One of the great improvements and features of Symantec Endpoint Protection is the location awareness. t allows for very good administration and security configurations. You can, for example, have all your different subnets or IP address ranges assigned to specific Symantec Endpoint Protection Manager (SEPM) servers to fetch updates from. This allows you to save on bandwidth and provides high availability to all your clients. You can have multiple sites that connect to a specific server.
Another option you can have is locations such as Office, VPN and Outside. This would allow you to assign different firewall and security settings to the specific locations in order to really protect the clients. You could have all traffic allowed if the machine is within the corporate network but high firewall settings and no web-surfing allowed when the machine is not. This would require that all machines have to connect through VPN and no other traffic is then allowed besides into the corporate network. You can also specify that all web connectivity as to go through the corporate firewall or proxy.
The locations based approach also gives you the opportunity to combine both previous scenarios; assign different SEPM servers to specific IP ranges inside the network and have two additional locations such as OutofOffice and VPN which contain the high security settings discussed earlier.
The last scenario is in my opinion the best option simply because it gives you the best redundancy and flexibility as well as letting you save on bandwidth.

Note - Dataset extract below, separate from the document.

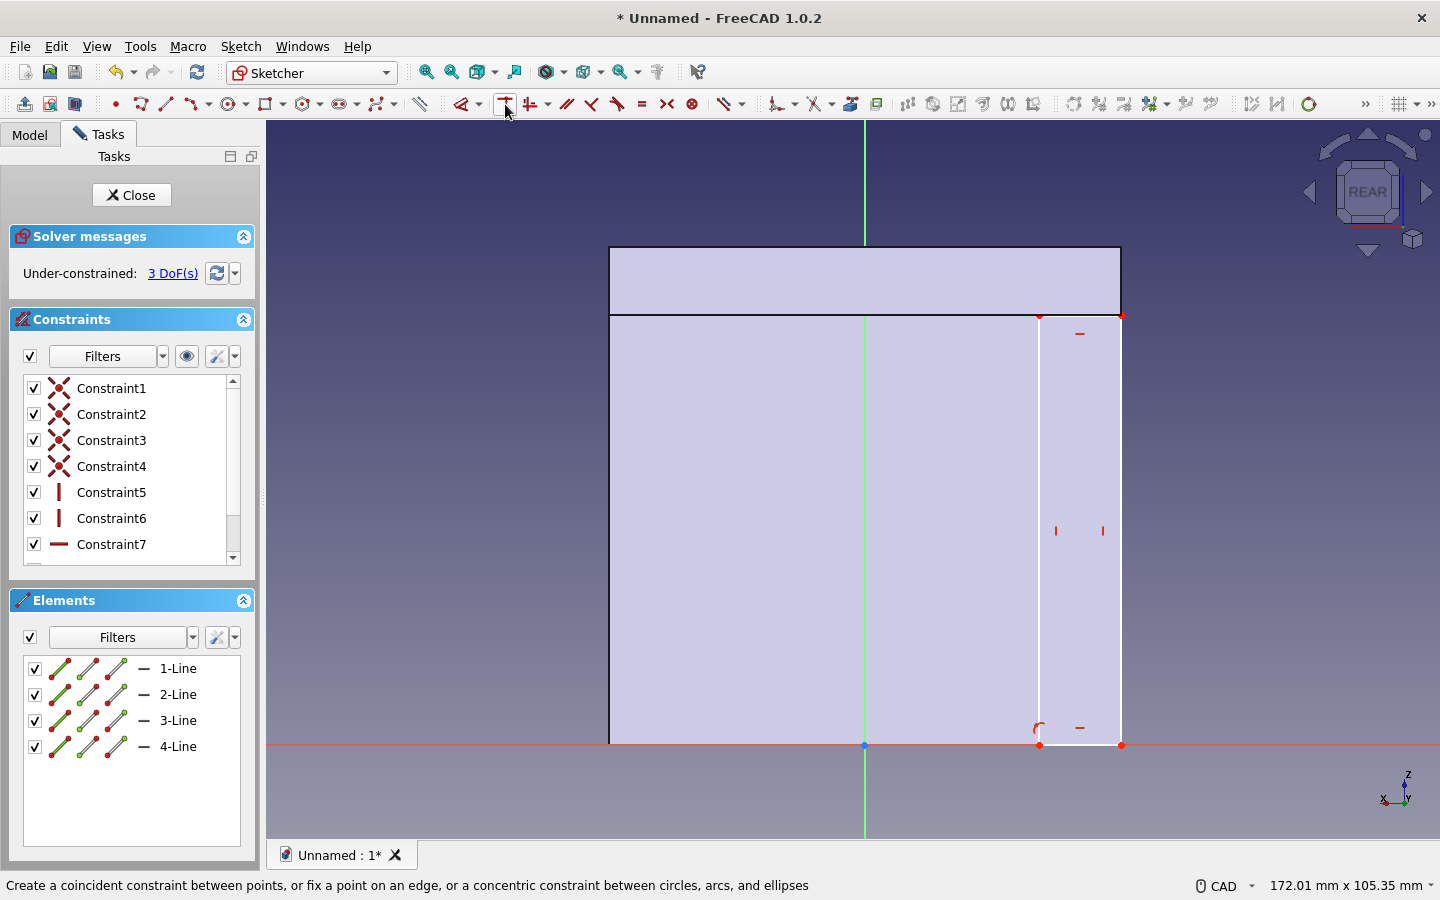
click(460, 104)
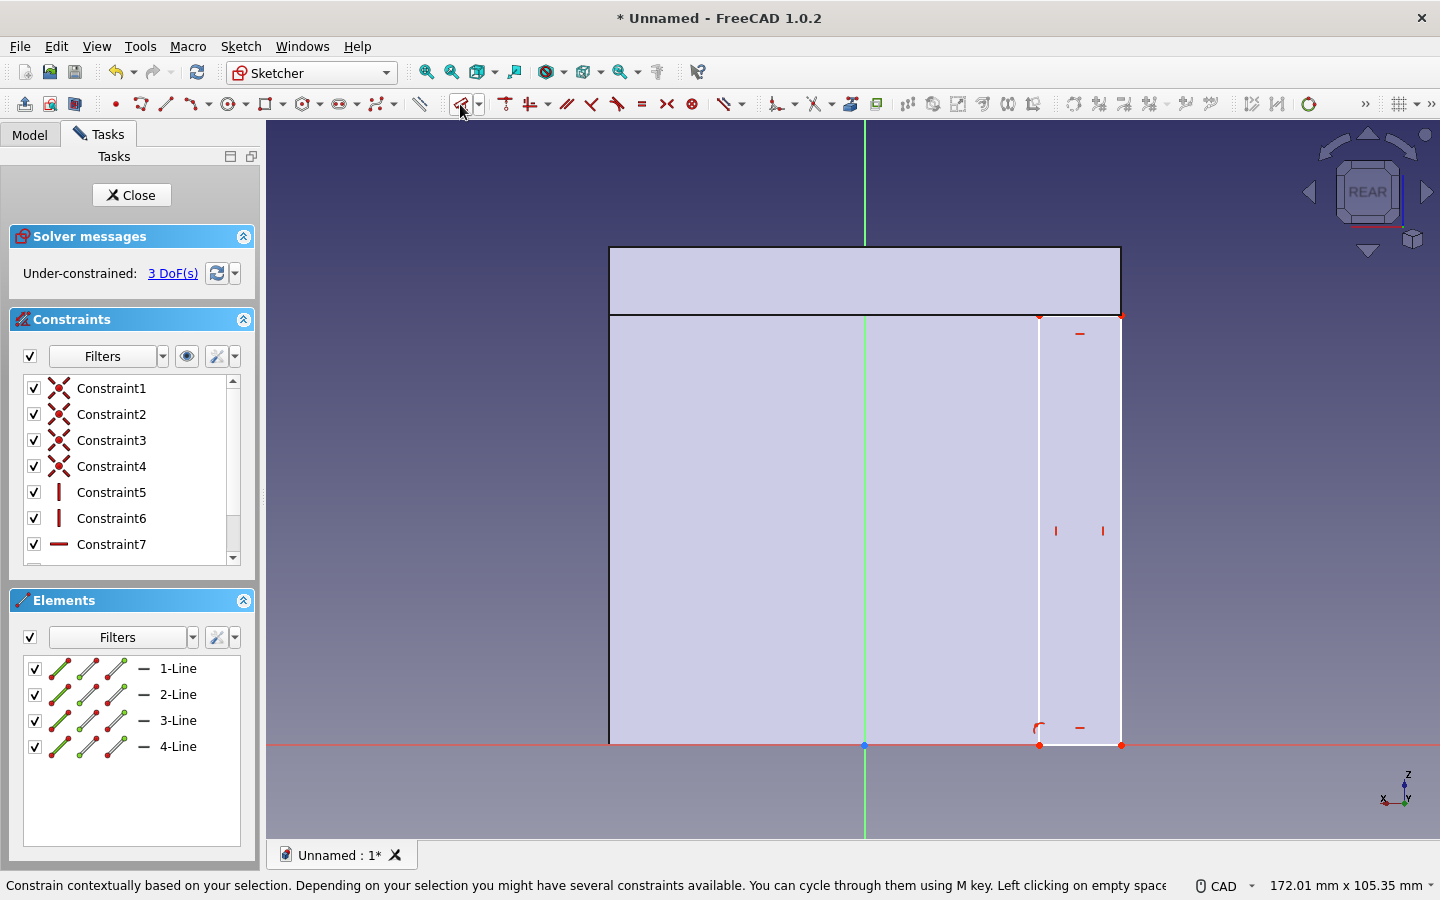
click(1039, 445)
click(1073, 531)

Essentially if you have several locations in a country that are well connected but slow links between the countries and the head office, for example, you could have one SEPM server located in each country and one wherever your VPN entry point is. Then have the SEPM servers replicate once a day or twice a day with the head office. Symantec releases twice per day new definitions so you could synchronize your replication with that schedule and get within one hour of the officially released definitions, new ones to your clients. The hour schedule here is because you have to also take into account the building of the new definitons after they are downloaded. Symantec provides only complete sets and packages. These are then built by the SEPM servers into different architectures since it would take too much time and space for Symantec to do this.
Overall, while the “1.0″ launch of SEP and especially the SEPM servers, was rather rocky and there were plenty of issues, the current stable version (Maintenance Release 2 Maintenance Patch 1) is actually very stable and is working very well even in environments with low bandwidth but many clients.